## Task objective
Unless a line falls after the one with "Your response must be concise. 2.", retype it exactly from the records below; leave out all pictures.

## Material provided
-=-=-

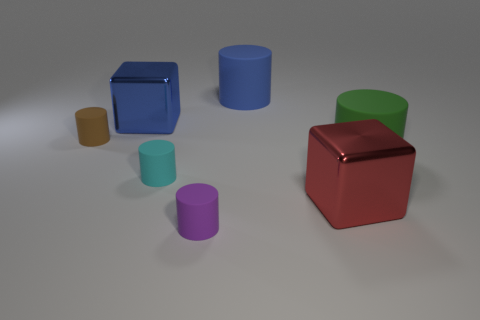How many rubber things are right of the brown rubber object and left of the green rubber cylinder?
Give a very brief answer. 3. There is a blue object that is right of the tiny purple matte thing; what is its shape?
Provide a short and direct response. Cylinder. Is the number of small purple objects on the left side of the purple rubber object less than the number of big blue cylinders left of the big red metallic cube?
Provide a succinct answer. Yes. Is the blue thing that is to the right of the blue shiny cube made of the same material as the cylinder on the left side of the blue shiny cube?
Provide a succinct answer. Yes. What is the shape of the big red thing?
Ensure brevity in your answer.  Cube. Are there more tiny purple rubber things that are on the left side of the small purple matte cylinder than brown cylinders that are behind the brown object?
Ensure brevity in your answer.  No. Is the shape of the small rubber thing that is in front of the small cyan matte object the same as the big rubber object to the left of the red shiny cube?
Your response must be concise. Yes. What number of other things are the same size as the brown matte cylinder?
Your response must be concise. 2. The brown cylinder is what size?
Keep it short and to the point. Small. Are the large cube on the left side of the tiny purple rubber cylinder and the cyan cylinder made of the same material?
Make the answer very short. No.

-=-=-

## Answer area
How many rubber things are right of the brown rubber object and left of the green rubber cylinder?
Give a very brief answer. 3. There is a blue object that is right of the tiny purple matte thing; what is its shape?
Provide a short and direct response. Cylinder. Is the number of small purple objects on the left side of the purple rubber object less than the number of big blue cylinders left of the big red metallic cube?
Provide a succinct answer. Yes. Is the blue thing that is to the right of the blue shiny cube made of the same material as the cylinder on the left side of the blue shiny cube?
Provide a succinct answer. Yes. What is the shape of the big red thing?
Ensure brevity in your answer.  Cube. Are there more tiny purple rubber things that are on the left side of the small purple matte cylinder than brown cylinders that are behind the brown object?
Ensure brevity in your answer.  No. Is the shape of the small rubber thing that is in front of the small cyan matte object the same as the big rubber object to the left of the red shiny cube?
Your response must be concise. Yes. What number of other things are the same size as the brown matte cylinder?
Your response must be concise. 2. The brown cylinder is what size?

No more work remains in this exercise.